Nuytemans feels that the ideas fostered in the collaborative environment has been a key benefit of the programme. “Working closely with the broadcasters, and ITN in particular, he said, “actually helped us develop lots of integrations and new features that we haven’t thought of - making the POC and product better in the end.”

ITN have begun putting the ideas into action according to Roberts. “We are already deploying the approach proposed by this project in two areas of our business, one a ‘studio in a box’ single operator setup and the other a cloud-based disaster recovery broadcast solution,” he said. “While both use cases are different, the common theme is a workflow layer that not only provides a runorder tool, but also allows us to more easily manage media delivery and orchestration with diverse production systems. We are also able to experiment with different software systems in areas such as live graphics without requiring editorial teams to train on multiple platforms. Perhaps most importantly this approach has been a key enabling facilitator for a disaster recovery solution that was a critical requirement for one of our most important customers.

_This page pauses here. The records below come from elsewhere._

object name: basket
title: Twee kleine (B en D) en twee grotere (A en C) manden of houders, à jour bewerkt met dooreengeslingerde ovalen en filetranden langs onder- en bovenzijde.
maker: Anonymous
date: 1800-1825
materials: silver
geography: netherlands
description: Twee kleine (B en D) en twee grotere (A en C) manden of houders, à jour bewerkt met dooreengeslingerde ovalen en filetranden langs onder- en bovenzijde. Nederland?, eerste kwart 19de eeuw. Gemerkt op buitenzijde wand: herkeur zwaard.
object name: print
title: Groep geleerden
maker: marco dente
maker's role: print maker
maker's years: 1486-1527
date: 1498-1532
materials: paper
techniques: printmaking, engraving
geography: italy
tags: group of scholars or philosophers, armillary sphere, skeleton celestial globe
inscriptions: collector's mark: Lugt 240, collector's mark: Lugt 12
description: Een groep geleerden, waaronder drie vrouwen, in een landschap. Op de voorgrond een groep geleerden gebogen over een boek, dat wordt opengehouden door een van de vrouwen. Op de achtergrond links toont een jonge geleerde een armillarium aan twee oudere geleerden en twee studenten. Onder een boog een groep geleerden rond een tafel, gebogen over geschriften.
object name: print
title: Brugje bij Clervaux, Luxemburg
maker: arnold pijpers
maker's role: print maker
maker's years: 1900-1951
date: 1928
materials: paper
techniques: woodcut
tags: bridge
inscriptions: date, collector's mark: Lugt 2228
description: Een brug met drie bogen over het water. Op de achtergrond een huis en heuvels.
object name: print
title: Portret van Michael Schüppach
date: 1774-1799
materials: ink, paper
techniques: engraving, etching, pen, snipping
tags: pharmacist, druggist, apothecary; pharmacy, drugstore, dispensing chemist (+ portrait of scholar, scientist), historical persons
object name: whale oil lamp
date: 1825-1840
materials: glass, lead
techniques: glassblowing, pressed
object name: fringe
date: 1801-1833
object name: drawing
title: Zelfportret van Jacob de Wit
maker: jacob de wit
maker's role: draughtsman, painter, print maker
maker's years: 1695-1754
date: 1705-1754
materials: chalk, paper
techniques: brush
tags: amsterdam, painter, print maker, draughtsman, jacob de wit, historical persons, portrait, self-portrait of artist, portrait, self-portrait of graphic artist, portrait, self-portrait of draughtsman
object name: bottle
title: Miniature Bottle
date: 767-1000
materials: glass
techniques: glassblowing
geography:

“In the long term, this approach allows us to put a highly configurable and scalable automation solution in the hands of our production teams and I am excited to see what they do with it,” he continued. “We see the conceptual approach to automation in this solution as more sympathetic to our production thinking than previous options. It prioritises creating rich connections between devices without defining production workflows and will allow our skilled, creative, craft teams to evolve their operational workflows and I am looking forward to seeing what they come up with.”